TASK DIRECTIONS
In this exercise, set down every entry that follows exactly as it appears.

Dataset entries:
——————————

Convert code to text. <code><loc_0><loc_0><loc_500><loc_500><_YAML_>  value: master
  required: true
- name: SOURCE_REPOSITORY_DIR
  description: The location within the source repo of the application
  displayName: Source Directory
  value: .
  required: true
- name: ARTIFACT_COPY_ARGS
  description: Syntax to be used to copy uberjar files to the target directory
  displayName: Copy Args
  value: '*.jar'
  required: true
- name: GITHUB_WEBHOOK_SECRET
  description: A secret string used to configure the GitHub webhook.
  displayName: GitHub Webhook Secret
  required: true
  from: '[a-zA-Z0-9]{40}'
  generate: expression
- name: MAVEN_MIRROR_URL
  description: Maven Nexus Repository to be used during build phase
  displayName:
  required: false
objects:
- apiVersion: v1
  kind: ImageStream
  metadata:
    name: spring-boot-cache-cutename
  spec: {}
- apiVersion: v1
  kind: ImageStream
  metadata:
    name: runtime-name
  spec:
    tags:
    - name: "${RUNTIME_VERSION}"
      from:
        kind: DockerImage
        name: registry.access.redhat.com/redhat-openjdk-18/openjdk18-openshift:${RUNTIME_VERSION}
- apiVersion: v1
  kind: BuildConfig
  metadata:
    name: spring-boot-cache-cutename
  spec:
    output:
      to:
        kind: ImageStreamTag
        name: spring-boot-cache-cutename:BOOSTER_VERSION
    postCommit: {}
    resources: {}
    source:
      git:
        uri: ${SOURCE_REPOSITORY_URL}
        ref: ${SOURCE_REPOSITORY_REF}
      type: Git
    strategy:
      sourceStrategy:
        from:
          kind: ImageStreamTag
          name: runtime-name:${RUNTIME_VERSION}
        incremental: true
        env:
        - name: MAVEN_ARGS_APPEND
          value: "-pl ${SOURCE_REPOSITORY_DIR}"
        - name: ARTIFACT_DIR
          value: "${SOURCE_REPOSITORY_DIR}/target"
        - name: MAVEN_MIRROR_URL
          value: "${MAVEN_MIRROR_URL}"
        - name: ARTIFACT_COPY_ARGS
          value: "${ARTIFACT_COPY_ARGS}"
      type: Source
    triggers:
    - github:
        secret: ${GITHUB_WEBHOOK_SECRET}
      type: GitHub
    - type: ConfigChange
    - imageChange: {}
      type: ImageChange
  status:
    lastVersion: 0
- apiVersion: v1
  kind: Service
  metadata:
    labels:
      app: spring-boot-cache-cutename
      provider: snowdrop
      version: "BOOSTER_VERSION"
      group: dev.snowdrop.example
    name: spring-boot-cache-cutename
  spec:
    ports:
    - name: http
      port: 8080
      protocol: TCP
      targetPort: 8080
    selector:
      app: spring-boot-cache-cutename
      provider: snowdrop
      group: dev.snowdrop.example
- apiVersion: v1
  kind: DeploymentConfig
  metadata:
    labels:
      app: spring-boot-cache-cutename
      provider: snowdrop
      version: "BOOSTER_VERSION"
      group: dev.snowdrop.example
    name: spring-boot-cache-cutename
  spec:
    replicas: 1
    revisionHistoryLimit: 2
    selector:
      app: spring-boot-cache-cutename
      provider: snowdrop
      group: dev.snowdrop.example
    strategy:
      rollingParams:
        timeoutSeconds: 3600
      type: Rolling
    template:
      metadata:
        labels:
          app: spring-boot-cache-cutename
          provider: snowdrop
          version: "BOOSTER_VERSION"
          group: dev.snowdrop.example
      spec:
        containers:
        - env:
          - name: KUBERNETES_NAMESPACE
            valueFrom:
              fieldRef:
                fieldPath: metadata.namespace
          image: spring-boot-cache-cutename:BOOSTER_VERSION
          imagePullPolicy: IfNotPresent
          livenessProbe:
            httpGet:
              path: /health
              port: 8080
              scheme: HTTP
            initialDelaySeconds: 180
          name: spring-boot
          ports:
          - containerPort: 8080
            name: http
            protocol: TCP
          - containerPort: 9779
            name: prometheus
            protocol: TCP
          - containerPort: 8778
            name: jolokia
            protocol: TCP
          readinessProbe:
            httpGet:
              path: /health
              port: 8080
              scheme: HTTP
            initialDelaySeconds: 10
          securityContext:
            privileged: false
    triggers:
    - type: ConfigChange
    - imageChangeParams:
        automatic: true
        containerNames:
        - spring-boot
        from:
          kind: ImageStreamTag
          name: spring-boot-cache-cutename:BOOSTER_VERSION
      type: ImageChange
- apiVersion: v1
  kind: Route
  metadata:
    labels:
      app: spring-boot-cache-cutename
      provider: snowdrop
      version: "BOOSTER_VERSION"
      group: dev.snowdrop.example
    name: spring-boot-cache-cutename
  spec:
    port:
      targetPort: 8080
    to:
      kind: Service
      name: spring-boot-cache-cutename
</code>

——————————

RESULT OF THIS EXERCISE
Convert code to text. <code><loc_0><loc_0><loc_500><loc_500><_YAML_>  value: master
  required: true
- name: SOURCE_REPOSITORY_DIR
  description: The location within the source repo of the application
  displayName: Source Directory
  value: .
  required: true
- name: ARTIFACT_COPY_ARGS
  description: Syntax to be used to copy uberjar files to the target directory
  displayName: Copy Args
  value: '*.jar'
  required: true
- name: GITHUB_WEBHOOK_SECRET
  description: A secret string used to configure the GitHub webhook.
  displayName: GitHub Webhook Secret
  required: true
  from: '[a-zA-Z0-9]{40}'
  generate: expression
- name: MAVEN_MIRROR_URL
  description: Maven Nexus Repository to be used during build phase
  displayName:
  required: false
objects:
- apiVersion: v1
  kind: ImageStream
  metadata:
    name: spring-boot-cache-cutename
  spec: {}
- apiVersion: v1
  kind: ImageStream
  metadata:
    name: runtime-name
  spec:
    tags:
    - name: "${RUNTIME_VERSION}"
      from:
        kind: DockerImage
        name: registry.access.redhat.com/redhat-openjdk-18/openjdk18-openshift:${RUNTIME_VERSION}
- apiVersion: v1
  kind: BuildConfig
  metadata:
    name: spring-boot-cache-cutename
  spec:
    output:
      to:
        kind: ImageStreamTag
        name: spring-boot-cache-cutename:BOOSTER_VERSION
    postCommit: {}
    resources: {}
    source:
      git:
        uri: ${SOURCE_REPOSITORY_URL}
        ref: ${SOURCE_REPOSITORY_REF}
      type: Git
    strategy:
      sourceStrategy:
        from:
          kind: ImageStreamTag
          name: runtime-name:${RUNTIME_VERSION}
        incremental: true
        env:
        - name: MAVEN_ARGS_APPEND
          value: "-pl ${SOURCE_REPOSITORY_DIR}"
        - name: ARTIFACT_DIR
          value: "${SOURCE_REPOSITORY_DIR}/target"
        - name: MAVEN_MIRROR_URL
          value: "${MAVEN_MIRROR_URL}"
        - name: ARTIFACT_COPY_ARGS
          value: "${ARTIFACT_COPY_ARGS}"
      type: Source
    triggers:
    - github:
        secret: ${GITHUB_WEBHOOK_SECRET}
      type: GitHub
    - type: ConfigChange
    - imageChange: {}
      type: ImageChange
  status:
    lastVersion: 0
- apiVersion: v1
  kind: Service
  metadata:
    labels:
      app: spring-boot-cache-cutename
      provider: snowdrop
      version: "BOOSTER_VERSION"
      group: dev.snowdrop.example
    name: spring-boot-cache-cutename
  spec:
    ports:
    - name: http
      port: 8080
      protocol: TCP
      targetPort: 8080
    selector:
      app: spring-boot-cache-cutename
      provider: snowdrop
      group: dev.snowdrop.example
- apiVersion: v1
  kind: DeploymentConfig
  metadata:
    labels:
      app: spring-boot-cache-cutename
      provider: snowdrop
      version: "BOOSTER_VERSION"
      group: dev.snowdrop.example
    name: spring-boot-cache-cutename
  spec:
    replicas: 1
    revisionHistoryLimit: 2
    selector:
      app: spring-boot-cache-cutename
      provider: snowdrop
      group: dev.snowdrop.example
    strategy:
      rollingParams:
        timeoutSeconds: 3600
      type: Rolling
    template:
      metadata:
        labels:
          app: spring-boot-cache-cutename
          provider: snowdrop
          version: "BOOSTER_VERSION"
          group: dev.snowdrop.example
      spec:
        containers:
        - env:
          - name: KUBERNETES_NAMESPACE
            valueFrom:
              fieldRef:
                fieldPath: metadata.namespace
          image: spring-boot-cache-cutename:BOOSTER_VERSION
          imagePullPolicy: IfNotPresent
          livenessProbe:
            httpGet:
              path: /health
              port: 8080
              scheme: HTTP
            initialDelaySeconds: 180
          name: spring-boot
          ports:
          - containerPort: 8080
            name: http
            protocol: TCP
          - containerPort: 9779
            name: prometheus
            protocol: TCP
          - containerPort: 8778
            name: jolokia
            protocol: TCP
          readinessProbe:
            httpGet:
              path: /health
              port: 8080
              scheme: HTTP
            initialDelaySeconds: 10
          securityContext:
            privileged: false
    triggers:
    - type: ConfigChange
    - imageChangeParams:
        automatic: true
        containerNames:
        - spring-boot
        from:
          kind: ImageStreamTag
          name: spring-boot-cache-cutename:BOOSTER_VERSION
      type: ImageChange
- apiVersion: v1
  kind: Route
  metadata:
    labels:
      app: spring-boot-cache-cutename
      provider: snowdrop
      version: "BOOSTER_VERSION"
      group: dev.snowdrop.example
    name: spring-boot-cache-cutename
  spec:
    port:
      targetPort: 8080
    to:
      kind: Service
      name: spring-boot-cache-cutename
</code>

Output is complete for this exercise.